Finally, we distinguish IR’s focus on variation of data over partitions to challenges related to non-representative samples. Non-representiveness and selection bias are important threats to visualization validity, 15 and recent research has proposed methods to address these challenges within the context of interactive exploratory visualization.16,17 IR can complement these methods but focuses on issues of variation rather than representativeness.

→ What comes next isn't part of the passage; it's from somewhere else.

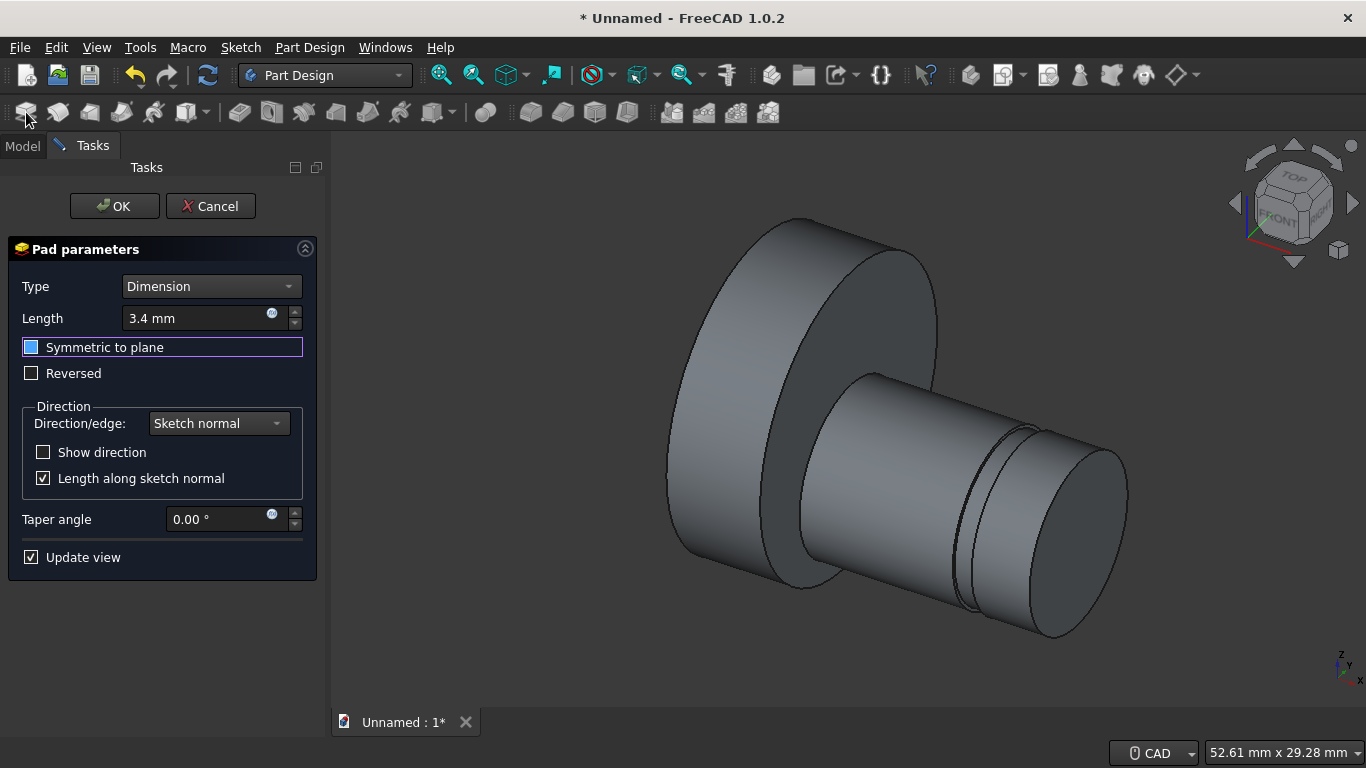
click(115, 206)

Predictive visual analytics
Visualization has long been used to support predictive analysis tasks. However, most often, the “prediction” is performed by users reviewing historical data and making assumptions about what might happen in the future for similar situations. In fact, the relatively limited history of work on visualizations that incorporate more formal predictive modeling methods was the topic for a workshop at a recent IEEE VIS Conference. 5
The work that does exist in this area has often focused on model development and evaluation rather than supporting end users’ predictive analysis tasks. For example, BaobabView 18 supported interactive construction and evaluation of decision trees. More recent work has focused on building and evaluating regression models. 19 This method, like ours, adopts a partition-based approach to avoid making structural assumptions about the data. However, the focus on building regression models leads to an overall workflow that is very different from the proposed IR approach.
Others have focused on visualizing the output produced by predictive models. For example, Gosink et al. 20 have visualized prediction uncertainty based on formalized ensembles of multiple predictors. This approach, however, requires careful modeling to develop the predictors, including the specification of priors that enables the Bayesian method that they propose.
Outside the visualization literature, where novel visual or interaction methods are not a concern, predictive features are typically visualized using traditional statistical graphics, for example, systems that visually prioritize and threshold p values to rank features for prediction. 21 Such methods are fully compatible with the IR process proposed in this article.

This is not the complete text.